Depreciation only affects net income but does not harm or
cause cash outflows.

 l. Why does Nike subtract increases in accounts receivable


from net income when calculating cash flow from
operations for 2016?
Nike deducts increase in accounts receivable since they
result in less cash

 m. Why does Nike adjust net income by subtracting


increases in inventory and adding decreases in inventory
when calculating cash flow from operations?
It’s a really simple look here because of inventory if the
inventory gets too big or grows more than it should the
company will have less cash to work with and if it
decreases the company would have more cash at hand.
 n. When calculating cash flow from operations, why does
Nike adjust net income by adding increases and
subtracting decreases in accounts payable?
Nike doesn’t really pay to increase their cash on hand if
accounts payable are rising and decrease their cash on
hand.

 o. Cash flow from operations exceeded net income during


fiscal 2015, but not during fiscal 2016. Why? What caused
the big drop in cash flows provided by operations from
2015 to 2016?
The main reason why the big drop in cash is because of
decrease in accounts payable and from what I saw
between that year they were paying accounts payable so
in turn having less money at hand.

 P. What were Nike’s primary financing activities during


these three years?
During 3 years, they were purchasing common stock and
receiving dividends, both where common and preferred.

Relations between Financial Statement Items

 q. Compute the amount of cash collected from customers


during 2016.
Sales revenue: $32,376
Sales Revenue + change in Accounts receivable
Change in Accounts Receivable: $60
$32,376 + $60 = $32,436
 r. Compute the amount of cash payments made to
suppliers of merchandise during 2016.
Ending Accounts Payable $2,191 – Beginning Accounts
Payable $2,131 = Change in Accounts Payable $60
Cost of sale + Change in inventory – Change in accounts
payable
Cost of sales: $17,405
Changes in inventories: $590
Change in Accounts Payable $60
$17,405 + $590 - $60 = $17,846

 s. Reconcile the change in retained earnings during 2016.

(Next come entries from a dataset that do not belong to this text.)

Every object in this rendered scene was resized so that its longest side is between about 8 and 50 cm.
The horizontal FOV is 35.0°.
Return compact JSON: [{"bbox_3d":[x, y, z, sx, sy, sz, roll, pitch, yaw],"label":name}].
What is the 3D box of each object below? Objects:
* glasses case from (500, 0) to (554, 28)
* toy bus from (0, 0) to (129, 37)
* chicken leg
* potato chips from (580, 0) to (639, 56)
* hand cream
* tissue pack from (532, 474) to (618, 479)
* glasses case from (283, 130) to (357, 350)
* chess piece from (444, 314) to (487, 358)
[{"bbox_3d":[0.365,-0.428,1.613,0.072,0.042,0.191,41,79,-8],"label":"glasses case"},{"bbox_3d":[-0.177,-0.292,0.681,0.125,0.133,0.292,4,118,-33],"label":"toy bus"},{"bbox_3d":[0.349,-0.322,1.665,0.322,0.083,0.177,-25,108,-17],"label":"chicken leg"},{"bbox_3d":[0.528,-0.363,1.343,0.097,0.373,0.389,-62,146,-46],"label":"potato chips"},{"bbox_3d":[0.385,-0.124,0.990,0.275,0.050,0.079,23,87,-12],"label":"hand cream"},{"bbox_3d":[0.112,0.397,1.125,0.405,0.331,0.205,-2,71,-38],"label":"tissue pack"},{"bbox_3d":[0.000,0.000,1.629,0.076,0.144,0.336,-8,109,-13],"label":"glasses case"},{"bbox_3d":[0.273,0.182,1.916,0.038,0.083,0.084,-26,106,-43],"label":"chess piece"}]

Beginning Retained Earnings + Net income – D = $4,151
$4,685 + $3,760 - $4,260 = $4,151
$4,185 = / = $4,151
Retained earning change as we can see in the result of the
computation it because of 3 factors and those are net
income, dividend payments and stock purchases and
during this the reconciliation we have found a
discrepancy that was $34 million.

Interpreting Financial Statement Relations

 t. Exhibit 1.28 presents common-size and percentage


change income statements for Nike for 2014, 2015, and
2016. What are some reasons for the increases in the net
income/sales revenue percentages for Nike between
2014 and 2015, and between 2015 and 2016?
There were some behind the scene reason on why the
increase in net income or sales revenue percentages and
those are the reduce of cost of sale that increased gross
profit and another reason is reduced demand creation
cost.
 u. Exhibit 1.29 presents common-size and percentage
change balance sheets for Nike at the end of 2014, 2015,
and 2016. What is the likely explanation for the relatively
small percentages for property, plant, and equipment?
They outsourced the majority of sales and manufacturing
of its goods.
 v. What is the likely explanation for the relatively small
percentages for notes payable and long-term debt?
Simple Nike does not require any big quantity of capital to
finance and also they don’t incur a lot of debt and because
they outsource most of its manufacturing and retailing.